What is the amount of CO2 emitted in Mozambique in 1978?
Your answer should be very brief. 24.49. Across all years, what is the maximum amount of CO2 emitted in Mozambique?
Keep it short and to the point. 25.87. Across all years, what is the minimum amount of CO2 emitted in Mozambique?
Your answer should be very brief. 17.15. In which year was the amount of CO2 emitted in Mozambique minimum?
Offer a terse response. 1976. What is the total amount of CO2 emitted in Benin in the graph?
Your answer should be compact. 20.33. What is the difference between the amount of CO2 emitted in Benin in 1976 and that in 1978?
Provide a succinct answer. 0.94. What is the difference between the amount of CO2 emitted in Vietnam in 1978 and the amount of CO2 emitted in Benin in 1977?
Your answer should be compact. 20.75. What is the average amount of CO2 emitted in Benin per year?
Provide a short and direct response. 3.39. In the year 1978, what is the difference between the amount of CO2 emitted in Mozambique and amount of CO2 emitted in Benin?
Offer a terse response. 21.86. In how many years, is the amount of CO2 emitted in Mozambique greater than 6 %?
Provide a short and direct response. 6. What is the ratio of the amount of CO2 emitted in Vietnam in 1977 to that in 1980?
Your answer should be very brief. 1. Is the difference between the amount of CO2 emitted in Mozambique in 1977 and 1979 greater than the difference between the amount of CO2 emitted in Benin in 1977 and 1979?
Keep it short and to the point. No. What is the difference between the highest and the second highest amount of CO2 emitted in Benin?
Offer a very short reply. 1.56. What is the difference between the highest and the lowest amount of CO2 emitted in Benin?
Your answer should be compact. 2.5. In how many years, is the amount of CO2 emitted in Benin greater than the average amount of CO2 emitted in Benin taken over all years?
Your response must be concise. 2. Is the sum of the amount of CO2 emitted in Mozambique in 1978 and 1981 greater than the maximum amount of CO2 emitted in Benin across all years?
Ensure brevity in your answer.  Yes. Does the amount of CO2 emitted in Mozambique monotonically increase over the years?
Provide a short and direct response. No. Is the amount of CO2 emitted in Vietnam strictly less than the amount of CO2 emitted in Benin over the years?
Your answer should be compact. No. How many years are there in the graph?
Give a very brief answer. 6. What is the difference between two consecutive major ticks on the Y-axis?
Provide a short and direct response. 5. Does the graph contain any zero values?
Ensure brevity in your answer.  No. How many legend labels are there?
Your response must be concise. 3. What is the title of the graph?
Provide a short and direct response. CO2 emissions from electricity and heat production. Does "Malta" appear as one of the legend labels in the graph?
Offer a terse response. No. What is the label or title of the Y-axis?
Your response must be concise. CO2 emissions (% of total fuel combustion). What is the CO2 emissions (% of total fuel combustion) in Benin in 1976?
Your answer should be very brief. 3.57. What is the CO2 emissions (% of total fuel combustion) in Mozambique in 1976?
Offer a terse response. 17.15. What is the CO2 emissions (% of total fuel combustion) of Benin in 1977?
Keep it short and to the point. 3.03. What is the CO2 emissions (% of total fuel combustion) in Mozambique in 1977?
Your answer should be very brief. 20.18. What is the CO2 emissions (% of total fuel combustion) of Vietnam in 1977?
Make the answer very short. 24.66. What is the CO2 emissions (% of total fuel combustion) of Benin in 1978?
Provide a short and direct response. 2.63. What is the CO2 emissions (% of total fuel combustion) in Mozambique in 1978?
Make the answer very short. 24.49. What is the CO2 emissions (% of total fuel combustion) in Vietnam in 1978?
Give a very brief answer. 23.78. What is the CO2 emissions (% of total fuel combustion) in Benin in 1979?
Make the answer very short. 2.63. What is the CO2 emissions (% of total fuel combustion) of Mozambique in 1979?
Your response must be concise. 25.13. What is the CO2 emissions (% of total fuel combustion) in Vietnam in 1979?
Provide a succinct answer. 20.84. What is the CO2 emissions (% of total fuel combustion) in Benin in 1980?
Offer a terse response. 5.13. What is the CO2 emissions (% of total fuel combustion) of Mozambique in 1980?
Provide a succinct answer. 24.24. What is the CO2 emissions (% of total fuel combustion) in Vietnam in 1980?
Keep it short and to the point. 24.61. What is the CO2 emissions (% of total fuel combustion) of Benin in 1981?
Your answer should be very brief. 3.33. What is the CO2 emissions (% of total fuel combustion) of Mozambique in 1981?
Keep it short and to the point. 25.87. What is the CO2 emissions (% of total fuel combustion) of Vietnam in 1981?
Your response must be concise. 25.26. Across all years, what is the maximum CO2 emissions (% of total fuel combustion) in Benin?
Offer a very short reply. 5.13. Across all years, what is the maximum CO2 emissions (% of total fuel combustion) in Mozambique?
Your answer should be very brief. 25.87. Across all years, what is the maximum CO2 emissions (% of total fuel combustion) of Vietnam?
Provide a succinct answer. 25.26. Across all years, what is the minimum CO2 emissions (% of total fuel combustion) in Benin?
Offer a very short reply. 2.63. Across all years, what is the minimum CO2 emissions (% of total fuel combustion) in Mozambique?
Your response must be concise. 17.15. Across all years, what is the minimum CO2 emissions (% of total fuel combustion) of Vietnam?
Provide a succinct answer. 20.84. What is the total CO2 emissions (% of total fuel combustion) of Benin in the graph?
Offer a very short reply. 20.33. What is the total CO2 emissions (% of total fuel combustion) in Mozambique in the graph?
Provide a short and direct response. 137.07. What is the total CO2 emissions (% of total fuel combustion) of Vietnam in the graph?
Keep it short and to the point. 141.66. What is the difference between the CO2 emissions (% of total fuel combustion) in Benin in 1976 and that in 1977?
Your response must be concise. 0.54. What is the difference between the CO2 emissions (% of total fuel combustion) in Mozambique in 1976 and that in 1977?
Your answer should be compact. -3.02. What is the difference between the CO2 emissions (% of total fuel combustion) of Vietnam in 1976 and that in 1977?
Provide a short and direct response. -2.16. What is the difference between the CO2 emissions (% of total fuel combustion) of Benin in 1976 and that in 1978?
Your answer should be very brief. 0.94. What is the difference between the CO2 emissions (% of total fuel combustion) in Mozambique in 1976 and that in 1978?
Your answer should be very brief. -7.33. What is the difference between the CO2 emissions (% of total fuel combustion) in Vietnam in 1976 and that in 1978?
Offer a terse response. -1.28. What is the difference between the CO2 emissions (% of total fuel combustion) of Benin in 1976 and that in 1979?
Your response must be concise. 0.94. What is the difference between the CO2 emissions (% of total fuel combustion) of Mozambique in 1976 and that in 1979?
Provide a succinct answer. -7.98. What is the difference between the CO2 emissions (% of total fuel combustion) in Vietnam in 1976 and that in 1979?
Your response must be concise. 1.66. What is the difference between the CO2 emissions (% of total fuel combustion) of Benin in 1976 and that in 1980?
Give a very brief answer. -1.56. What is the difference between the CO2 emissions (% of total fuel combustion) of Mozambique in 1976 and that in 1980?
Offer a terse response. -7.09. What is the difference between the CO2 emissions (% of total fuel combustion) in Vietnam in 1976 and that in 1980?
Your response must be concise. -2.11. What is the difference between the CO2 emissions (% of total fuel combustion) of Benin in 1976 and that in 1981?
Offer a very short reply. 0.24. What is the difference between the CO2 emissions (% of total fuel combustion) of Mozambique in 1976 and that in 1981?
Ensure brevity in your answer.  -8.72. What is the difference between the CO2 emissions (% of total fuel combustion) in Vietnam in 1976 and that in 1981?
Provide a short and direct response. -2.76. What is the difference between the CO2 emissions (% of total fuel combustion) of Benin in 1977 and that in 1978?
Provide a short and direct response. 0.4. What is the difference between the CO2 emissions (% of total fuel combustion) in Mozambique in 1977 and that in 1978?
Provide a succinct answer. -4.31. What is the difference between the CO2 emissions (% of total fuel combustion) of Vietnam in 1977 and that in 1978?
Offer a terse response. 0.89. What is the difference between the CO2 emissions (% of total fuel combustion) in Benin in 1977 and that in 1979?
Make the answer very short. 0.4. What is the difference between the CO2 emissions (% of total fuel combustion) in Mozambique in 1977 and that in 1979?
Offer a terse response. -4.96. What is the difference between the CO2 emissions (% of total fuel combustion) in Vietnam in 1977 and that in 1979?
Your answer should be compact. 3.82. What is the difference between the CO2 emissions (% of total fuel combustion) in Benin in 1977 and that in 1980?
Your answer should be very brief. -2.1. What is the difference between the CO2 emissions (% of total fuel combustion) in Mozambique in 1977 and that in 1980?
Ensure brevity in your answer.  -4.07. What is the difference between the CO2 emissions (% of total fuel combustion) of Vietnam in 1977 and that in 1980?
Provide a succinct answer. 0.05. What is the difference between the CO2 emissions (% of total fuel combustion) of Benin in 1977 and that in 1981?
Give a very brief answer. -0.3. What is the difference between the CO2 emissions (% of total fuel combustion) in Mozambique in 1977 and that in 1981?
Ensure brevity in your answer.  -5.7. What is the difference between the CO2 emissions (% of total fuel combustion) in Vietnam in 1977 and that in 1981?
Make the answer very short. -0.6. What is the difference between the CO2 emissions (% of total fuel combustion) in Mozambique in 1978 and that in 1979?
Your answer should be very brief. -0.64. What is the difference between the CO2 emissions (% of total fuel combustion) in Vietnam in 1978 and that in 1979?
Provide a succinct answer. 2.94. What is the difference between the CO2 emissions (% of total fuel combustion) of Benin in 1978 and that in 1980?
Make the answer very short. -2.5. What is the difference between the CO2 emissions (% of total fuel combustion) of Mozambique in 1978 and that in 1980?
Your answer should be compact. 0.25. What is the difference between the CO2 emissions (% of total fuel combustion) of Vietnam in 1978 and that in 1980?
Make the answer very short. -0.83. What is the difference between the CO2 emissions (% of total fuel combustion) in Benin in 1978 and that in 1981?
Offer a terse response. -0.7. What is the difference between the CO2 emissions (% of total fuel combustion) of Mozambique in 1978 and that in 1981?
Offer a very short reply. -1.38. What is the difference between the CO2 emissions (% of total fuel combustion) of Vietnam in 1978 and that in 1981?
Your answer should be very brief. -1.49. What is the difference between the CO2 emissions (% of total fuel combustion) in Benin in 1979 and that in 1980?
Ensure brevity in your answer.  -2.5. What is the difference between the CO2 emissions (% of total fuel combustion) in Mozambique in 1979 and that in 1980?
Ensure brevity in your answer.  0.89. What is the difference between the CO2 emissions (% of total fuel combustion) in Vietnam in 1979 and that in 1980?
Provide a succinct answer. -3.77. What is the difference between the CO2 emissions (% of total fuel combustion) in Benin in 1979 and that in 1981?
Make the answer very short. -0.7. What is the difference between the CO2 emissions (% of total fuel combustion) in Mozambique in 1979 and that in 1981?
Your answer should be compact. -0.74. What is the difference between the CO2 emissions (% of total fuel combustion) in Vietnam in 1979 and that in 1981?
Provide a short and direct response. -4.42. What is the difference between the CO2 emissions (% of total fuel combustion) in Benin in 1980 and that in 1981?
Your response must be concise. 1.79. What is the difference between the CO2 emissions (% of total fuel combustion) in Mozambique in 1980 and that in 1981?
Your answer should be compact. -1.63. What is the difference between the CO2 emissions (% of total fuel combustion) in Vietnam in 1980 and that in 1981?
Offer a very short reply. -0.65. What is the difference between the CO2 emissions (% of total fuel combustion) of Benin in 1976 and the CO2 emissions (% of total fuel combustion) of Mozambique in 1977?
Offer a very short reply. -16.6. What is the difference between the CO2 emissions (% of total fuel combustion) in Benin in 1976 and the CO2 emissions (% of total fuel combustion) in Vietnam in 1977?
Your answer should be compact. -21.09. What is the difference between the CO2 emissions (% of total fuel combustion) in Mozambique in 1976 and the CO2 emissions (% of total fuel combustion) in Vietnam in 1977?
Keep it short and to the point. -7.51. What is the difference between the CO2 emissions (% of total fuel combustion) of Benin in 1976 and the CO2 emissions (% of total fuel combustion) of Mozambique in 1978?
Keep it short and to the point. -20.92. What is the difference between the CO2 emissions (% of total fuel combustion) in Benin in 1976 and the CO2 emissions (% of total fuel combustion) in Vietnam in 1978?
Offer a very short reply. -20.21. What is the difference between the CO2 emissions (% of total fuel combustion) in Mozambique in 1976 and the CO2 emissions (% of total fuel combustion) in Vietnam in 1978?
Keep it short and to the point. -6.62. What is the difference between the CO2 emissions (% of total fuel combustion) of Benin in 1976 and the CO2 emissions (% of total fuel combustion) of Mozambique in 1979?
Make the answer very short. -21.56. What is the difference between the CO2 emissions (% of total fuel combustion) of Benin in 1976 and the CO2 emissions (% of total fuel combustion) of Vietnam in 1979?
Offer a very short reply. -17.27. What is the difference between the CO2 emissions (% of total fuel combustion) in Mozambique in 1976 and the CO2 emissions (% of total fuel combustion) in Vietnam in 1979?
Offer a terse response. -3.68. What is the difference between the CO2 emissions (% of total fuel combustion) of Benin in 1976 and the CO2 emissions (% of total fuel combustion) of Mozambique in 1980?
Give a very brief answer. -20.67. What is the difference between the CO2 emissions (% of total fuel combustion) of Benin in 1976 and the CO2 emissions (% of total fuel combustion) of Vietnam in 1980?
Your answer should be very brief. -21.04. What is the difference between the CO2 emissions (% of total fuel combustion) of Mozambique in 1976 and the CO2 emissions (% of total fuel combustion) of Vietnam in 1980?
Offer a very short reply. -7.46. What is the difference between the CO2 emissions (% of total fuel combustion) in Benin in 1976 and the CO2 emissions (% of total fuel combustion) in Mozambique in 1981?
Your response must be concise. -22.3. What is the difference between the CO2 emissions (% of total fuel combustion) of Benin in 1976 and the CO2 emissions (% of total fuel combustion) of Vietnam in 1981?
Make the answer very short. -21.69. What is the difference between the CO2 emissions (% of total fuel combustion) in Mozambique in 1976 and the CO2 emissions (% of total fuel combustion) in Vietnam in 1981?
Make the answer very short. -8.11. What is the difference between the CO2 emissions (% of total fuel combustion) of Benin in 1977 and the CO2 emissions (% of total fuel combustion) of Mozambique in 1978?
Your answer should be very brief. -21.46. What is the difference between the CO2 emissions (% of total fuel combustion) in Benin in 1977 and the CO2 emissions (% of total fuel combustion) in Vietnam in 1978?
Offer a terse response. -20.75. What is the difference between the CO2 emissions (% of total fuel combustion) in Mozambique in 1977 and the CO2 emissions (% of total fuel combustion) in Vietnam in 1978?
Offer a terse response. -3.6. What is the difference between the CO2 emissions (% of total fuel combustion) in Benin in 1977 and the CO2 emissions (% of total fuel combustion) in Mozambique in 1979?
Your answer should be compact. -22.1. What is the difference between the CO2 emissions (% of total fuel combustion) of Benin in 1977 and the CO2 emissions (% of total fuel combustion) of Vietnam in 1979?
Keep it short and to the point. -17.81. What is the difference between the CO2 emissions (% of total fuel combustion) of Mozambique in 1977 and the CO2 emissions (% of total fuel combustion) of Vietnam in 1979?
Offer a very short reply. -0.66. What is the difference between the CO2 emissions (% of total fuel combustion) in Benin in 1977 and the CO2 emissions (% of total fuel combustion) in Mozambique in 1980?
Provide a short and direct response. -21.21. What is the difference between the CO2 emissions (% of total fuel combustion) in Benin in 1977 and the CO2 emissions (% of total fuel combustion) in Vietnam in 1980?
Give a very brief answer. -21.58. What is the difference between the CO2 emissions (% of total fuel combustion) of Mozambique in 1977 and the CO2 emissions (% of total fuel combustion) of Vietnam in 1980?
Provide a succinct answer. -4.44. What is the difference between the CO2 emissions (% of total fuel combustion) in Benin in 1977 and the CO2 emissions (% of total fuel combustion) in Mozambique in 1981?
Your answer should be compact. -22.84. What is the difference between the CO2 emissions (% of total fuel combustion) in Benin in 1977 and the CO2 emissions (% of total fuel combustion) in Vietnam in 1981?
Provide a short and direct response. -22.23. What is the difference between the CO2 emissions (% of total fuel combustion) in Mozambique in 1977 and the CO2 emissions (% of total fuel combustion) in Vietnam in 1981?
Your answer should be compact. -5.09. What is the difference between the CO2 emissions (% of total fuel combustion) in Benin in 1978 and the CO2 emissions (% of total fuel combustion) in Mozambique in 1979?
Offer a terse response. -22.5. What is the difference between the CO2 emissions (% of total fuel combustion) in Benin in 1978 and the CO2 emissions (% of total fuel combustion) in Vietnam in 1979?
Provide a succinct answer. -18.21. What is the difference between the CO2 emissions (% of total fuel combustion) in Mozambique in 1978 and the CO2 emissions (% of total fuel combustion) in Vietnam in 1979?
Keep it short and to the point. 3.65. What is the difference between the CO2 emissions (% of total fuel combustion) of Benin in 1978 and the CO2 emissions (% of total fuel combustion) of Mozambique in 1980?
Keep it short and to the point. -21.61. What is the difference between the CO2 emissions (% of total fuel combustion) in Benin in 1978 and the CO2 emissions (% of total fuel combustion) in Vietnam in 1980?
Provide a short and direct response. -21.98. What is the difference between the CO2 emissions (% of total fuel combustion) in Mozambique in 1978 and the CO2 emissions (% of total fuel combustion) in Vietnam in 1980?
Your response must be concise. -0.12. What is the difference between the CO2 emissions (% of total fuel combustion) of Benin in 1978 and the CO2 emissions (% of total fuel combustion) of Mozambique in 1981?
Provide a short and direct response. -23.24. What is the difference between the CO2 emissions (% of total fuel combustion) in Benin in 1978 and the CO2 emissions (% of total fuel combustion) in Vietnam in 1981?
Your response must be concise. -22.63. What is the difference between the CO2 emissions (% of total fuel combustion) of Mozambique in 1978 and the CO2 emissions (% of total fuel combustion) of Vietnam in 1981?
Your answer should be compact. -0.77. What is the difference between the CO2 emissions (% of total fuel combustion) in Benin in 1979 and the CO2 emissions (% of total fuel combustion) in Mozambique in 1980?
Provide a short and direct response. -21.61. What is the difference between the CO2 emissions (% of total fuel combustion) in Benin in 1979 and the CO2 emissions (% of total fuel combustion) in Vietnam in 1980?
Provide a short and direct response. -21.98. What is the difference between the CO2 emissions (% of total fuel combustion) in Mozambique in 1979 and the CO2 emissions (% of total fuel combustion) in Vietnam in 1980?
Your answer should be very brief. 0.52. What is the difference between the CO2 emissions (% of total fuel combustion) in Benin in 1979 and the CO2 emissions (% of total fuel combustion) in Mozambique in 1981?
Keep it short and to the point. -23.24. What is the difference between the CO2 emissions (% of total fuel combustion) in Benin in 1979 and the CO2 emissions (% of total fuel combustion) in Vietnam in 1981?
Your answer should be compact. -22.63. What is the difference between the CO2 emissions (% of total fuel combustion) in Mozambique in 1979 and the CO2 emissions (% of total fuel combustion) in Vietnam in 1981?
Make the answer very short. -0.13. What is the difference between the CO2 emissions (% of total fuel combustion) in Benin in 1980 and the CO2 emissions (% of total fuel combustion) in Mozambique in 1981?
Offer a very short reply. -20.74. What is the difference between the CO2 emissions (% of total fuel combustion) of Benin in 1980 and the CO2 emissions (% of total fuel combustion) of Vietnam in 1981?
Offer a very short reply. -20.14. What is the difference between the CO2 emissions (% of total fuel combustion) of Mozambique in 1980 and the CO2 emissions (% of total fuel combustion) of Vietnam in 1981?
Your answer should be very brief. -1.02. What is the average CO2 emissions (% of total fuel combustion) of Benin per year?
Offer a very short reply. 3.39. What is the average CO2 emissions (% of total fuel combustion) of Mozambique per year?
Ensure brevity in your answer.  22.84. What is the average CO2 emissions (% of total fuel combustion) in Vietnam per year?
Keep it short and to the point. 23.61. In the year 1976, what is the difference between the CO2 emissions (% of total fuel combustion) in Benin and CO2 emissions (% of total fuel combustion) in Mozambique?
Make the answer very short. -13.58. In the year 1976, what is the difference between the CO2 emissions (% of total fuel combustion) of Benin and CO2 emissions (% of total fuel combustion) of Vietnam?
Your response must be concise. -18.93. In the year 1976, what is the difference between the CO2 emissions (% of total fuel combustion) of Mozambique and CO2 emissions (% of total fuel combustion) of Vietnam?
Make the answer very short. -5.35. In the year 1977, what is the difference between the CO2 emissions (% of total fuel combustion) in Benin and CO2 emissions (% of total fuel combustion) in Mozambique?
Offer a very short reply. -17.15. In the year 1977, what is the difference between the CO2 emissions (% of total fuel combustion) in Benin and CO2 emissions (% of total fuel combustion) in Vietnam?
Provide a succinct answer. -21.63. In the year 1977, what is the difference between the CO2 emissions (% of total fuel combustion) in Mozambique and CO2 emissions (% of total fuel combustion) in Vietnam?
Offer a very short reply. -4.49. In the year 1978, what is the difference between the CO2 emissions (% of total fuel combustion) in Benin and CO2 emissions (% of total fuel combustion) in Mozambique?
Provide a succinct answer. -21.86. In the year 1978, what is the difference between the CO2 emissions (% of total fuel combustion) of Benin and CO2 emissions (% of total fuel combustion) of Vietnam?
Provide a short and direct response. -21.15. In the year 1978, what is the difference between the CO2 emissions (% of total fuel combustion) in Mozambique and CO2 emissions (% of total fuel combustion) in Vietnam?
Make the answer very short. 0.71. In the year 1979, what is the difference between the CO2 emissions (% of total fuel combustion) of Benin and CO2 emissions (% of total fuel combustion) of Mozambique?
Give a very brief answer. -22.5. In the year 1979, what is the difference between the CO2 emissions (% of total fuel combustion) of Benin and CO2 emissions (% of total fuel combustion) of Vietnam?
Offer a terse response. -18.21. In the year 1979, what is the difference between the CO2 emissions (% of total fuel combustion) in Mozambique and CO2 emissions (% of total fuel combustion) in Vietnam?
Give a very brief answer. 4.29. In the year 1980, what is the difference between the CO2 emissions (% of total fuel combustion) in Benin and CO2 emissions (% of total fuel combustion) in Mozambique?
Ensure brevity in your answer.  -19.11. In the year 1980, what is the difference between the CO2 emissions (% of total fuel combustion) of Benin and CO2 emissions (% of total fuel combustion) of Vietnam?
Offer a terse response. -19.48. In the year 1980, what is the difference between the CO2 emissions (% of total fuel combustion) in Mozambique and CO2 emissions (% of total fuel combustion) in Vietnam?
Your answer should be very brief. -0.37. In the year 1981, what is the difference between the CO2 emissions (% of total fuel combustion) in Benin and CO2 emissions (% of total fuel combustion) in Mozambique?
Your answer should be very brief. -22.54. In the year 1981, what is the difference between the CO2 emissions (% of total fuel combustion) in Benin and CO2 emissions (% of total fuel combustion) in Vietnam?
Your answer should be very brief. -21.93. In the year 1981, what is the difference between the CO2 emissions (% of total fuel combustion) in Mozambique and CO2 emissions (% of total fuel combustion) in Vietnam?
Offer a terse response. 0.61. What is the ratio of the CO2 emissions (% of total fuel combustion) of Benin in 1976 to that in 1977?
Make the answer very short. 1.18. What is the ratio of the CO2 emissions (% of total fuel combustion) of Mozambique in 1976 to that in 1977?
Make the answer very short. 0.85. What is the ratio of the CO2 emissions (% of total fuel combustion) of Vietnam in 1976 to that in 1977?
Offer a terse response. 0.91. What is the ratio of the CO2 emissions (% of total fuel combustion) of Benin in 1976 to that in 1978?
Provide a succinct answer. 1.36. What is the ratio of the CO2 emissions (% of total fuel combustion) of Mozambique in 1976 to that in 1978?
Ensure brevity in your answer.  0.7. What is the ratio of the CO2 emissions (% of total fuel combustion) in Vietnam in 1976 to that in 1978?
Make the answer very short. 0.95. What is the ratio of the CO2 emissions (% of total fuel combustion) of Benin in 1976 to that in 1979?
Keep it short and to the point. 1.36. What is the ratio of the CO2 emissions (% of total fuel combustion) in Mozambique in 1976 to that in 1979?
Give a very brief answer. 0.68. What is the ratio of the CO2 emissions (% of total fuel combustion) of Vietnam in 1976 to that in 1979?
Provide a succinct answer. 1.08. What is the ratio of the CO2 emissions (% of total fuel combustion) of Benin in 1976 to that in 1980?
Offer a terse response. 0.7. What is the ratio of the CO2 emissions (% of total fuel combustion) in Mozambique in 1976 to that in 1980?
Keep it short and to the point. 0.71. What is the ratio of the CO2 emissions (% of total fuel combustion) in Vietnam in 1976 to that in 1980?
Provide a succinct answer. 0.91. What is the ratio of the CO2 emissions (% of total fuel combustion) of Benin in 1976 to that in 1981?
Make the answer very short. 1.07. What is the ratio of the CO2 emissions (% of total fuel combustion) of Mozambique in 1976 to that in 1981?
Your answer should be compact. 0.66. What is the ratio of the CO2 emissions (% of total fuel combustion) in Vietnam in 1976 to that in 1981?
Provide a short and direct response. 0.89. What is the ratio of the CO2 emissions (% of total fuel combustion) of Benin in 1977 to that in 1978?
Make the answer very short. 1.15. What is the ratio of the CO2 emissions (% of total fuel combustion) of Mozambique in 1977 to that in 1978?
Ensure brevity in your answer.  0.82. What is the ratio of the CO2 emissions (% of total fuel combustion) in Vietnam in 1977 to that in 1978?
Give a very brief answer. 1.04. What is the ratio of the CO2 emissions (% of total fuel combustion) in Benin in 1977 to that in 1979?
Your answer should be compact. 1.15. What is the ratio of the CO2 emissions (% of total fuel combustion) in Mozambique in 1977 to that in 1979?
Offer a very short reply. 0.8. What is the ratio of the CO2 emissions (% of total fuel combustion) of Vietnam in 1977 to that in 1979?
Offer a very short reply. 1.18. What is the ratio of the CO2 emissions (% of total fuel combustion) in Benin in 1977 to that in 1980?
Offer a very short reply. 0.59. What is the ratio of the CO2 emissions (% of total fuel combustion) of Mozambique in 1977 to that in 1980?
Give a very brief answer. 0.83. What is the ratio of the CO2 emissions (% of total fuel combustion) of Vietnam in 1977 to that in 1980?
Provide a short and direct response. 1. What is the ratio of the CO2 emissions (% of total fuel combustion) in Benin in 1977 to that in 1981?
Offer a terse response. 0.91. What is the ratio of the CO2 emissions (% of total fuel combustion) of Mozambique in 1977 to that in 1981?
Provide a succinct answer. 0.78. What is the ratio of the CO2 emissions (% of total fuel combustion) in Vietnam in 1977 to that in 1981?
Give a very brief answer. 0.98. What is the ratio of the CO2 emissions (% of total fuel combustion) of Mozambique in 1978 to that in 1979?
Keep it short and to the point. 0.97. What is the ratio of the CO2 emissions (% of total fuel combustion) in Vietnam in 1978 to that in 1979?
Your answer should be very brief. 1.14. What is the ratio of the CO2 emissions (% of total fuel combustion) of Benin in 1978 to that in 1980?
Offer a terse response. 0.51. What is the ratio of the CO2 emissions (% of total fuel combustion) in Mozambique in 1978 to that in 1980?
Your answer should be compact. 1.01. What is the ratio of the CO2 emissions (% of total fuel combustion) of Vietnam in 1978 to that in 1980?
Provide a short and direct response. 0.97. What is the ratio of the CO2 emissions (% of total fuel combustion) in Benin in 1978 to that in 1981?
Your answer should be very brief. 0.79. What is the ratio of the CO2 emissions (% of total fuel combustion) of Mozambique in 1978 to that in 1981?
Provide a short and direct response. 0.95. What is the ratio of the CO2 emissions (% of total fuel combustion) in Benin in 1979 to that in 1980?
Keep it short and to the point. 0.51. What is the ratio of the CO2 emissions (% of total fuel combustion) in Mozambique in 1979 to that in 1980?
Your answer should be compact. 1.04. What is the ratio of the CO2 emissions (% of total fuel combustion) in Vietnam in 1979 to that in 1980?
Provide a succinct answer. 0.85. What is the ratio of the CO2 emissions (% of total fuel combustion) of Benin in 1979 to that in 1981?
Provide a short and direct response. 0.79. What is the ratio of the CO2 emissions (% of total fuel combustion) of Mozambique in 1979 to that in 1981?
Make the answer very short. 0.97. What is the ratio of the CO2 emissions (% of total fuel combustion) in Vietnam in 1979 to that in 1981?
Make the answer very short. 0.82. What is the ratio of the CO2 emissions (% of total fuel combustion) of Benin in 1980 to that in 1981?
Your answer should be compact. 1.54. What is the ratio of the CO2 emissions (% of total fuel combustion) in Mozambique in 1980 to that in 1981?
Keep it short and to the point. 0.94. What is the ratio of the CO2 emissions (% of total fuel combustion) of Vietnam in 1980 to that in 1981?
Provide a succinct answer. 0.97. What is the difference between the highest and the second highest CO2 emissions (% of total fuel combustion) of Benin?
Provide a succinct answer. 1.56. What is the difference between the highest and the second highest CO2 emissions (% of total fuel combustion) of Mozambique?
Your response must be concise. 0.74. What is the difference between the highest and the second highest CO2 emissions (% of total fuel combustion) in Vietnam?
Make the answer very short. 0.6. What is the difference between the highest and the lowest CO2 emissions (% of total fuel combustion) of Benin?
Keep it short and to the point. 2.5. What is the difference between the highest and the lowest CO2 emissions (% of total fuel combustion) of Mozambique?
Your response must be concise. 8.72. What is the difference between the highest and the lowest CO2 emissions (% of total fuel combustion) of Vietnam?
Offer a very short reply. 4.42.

Your task
In the listing above, find the line with "Your answer should be very brief. 24.49." and the line with "Keep it short and to the point. No.", then print exactly those lines and every line between them.

Response area
Your answer should be very brief. 24.49. Across all years, what is the maximum amount of CO2 emitted in Mozambique?
Keep it short and to the point. 25.87. Across all years, what is the minimum amount of CO2 emitted in Mozambique?
Your answer should be very brief. 17.15. In which year was the amount of CO2 emitted in Mozambique minimum?
Offer a terse response. 1976. What is the total amount of CO2 emitted in Benin in the graph?
Your answer should be compact. 20.33. What is the difference between the amount of CO2 emitted in Benin in 1976 and that in 1978?
Provide a succinct answer. 0.94. What is the difference between the amount of CO2 emitted in Vietnam in 1978 and the amount of CO2 emitted in Benin in 1977?
Your answer should be compact. 20.75. What is the average amount of CO2 emitted in Benin per year?
Provide a short and direct response. 3.39. In the year 1978, what is the difference between the amount of CO2 emitted in Mozambique and amount of CO2 emitted in Benin?
Offer a terse response. 21.86. In how many years, is the amount of CO2 emitted in Mozambique greater than 6 %?
Provide a short and direct response. 6. What is the ratio of the amount of CO2 emitted in Vietnam in 1977 to that in 1980?
Your answer should be very brief. 1. Is the difference between the amount of CO2 emitted in Mozambique in 1977 and 1979 greater than the difference between the amount of CO2 emitted in Benin in 1977 and 1979?
Keep it short and to the point. No. What is the difference between the highest and the second highest amount of CO2 emitted in Benin?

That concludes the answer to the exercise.